WhereScape have added some new functionality into WhereScape RED version 5.6.4 that improves how dimensions are optimized within Analysis Services 2005.  Attribute relationships are now automatically defined by WhereScape RED when creating a cube, which will improve the top end aggregation performance.  These attribute relationships are exposed and managed within WhereScape RED through the use of member properties (a right click option on a cube).  The two types of attribute relationship (rigid and flexible) are supported.

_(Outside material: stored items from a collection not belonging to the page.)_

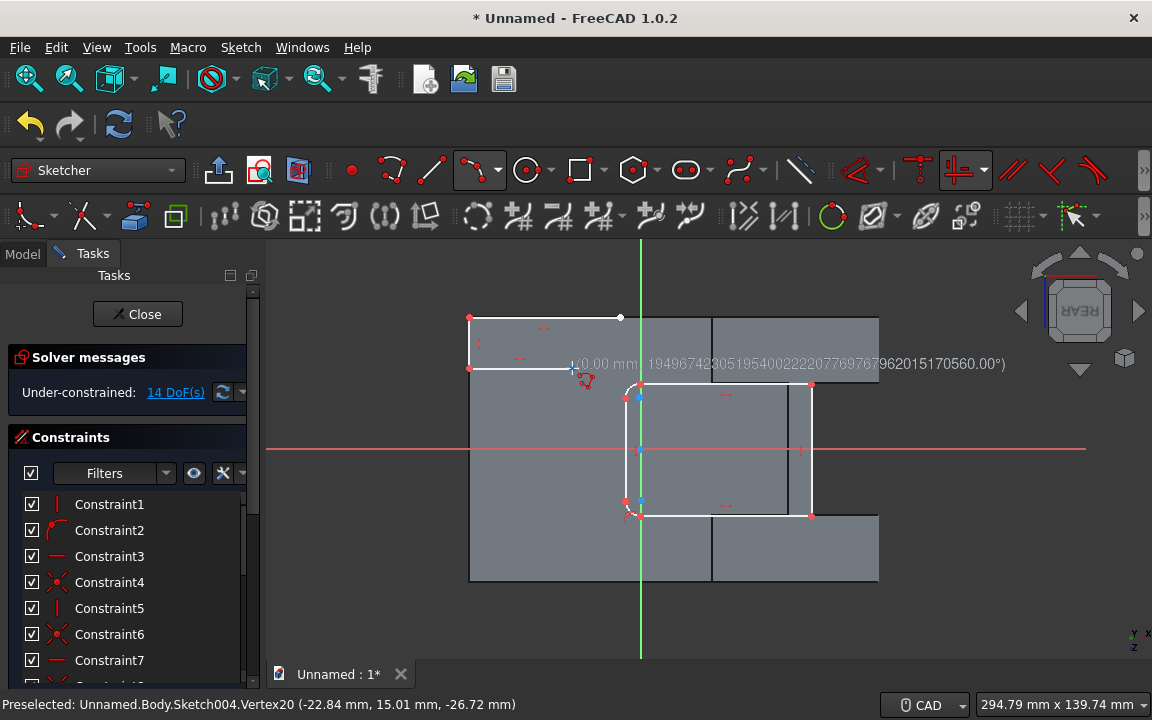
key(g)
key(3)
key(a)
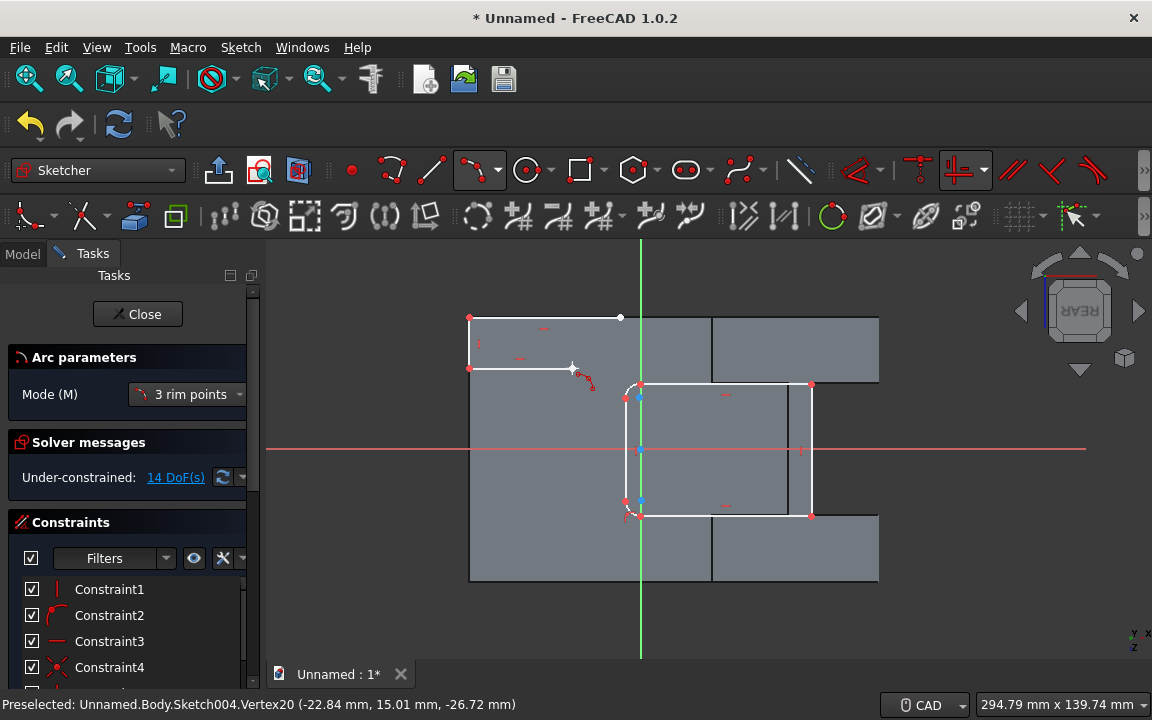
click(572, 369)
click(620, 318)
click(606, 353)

When creating a cube using version 5.6.4+ the cube dimensions may look different if a level within a hierarchy is not using a key and / or is not unique. This is because the attribute relationship is only built between two levels of a hierarchy, rather than all the way up from the leaf member.  For example if you have a hierarchy of country -< city, where you can have the same city name in multiple countries you must ensure that the city key column is unique otherwise all data against that city name will be allocated to just one of those countries. An artificial key can be built (if one is not available) by creating an additional column in the dimension that is populated with the country_code concatenated to the city_code thereby ensuring all city keys are unique.

If the new hierarchy structure does not fit with your requirements and you preferred the non-optimised view of the dimension then you can delete the attribute relationships in WhereScape RED by deleting the member properties defined on the cube in WhereScape RED.  This will create a cube identical in structure to those cubes created in prior versions of WhereScape RED.

WhereScape RED Native Load Teradata Multiload Support 11 Mar ’08

The latest release of WhereScape RED includes a new option for native odbc load tables in Teradata.

Teradata multiload has always been supported in WhereScape RED for loading flat files.  Now it’s also able to be chosen as the loader for native odbc loads.

This option has been added as several WhereScape Teradata customers prefer multiload to fastload.  There are also some benefits using multiload on busy servers.

To use this new option, choose multiload from the Native Load Routine drop down on the Source Mappings tab for the load table.